CSU-Bezirksräte kritisierten, dass es ein Bündnis aus FW, Franken, Grünen, SPD und Linkspartei fertiggebracht habe, die CSU von Führungsfunktionen vollständig auszuschließen, obwohl die CSU wieder die stärkste Kraft im Bezirkstag sei. Es sei schon erstaunlich, dass der oft als "besonnener Kommunalpolitiker" bezeichnete Landrat Armin Kroder "mit der Linkspartei gemeinsame Sache macht, um Bezirkstagspräsident zu werden". Für Bezirksvorsitzenden Joachim Herrmann "ein erstaunlicher Vorgang angesichts der Tatsache, dass die Freien Wähler wenige Tage zuvor in großem Einvernehmen im Bayerischen Landtag eine Koalition mit der CSU eingingen".

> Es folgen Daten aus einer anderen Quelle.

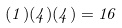Convert formula to latex. <formula><loc_0><loc_0><loc_500><loc_500>( 1 ) ( 4 ) ( 4 ) = 1 6</formula>

Man dürfe gespannt sein, wie ein Teil der Freien Wähler sich die Zusammenarbeit künftig vorstelle, "in München hü und in der Region hott? Oder geht es dabei nur um Posten?", so Sitzungsteilnehmer. Dass sich die neue Führungsriege gleichzeitig aus der Verantwortung für die Bezirkskliniken stehle, sei bezeichnend. Unabhängig davon dankte Joachim Herrmann dem bisherigem Bezirkstagspräsidenten Richard Bartsch für seine fünfzehnjährige Arbeit an der Spitze des Bezirks. „Du warst ein starker Bezirkstagspräsident".

Das Viele, was der Bezirk an Sozialem, Wirtschaftlichem und Kulturellem leiste, bewirke zumeist keine Schlagzeilen, sei aber großartig und für die Bürgerinnen und Bürger, die in Mittelfranken lebten, wichtig. Herrmann nannte beispielhaft auch den Einsatz von Richard Bartsch beim Aufbau der Arbeitsgemeinschaft Geriatrie in Bayern und seine Bemühungen um die deutsch-französische Freundschaft, wofür er in Frankreich mit dem nationalen Verdienstorden ausgezeichnet wurde.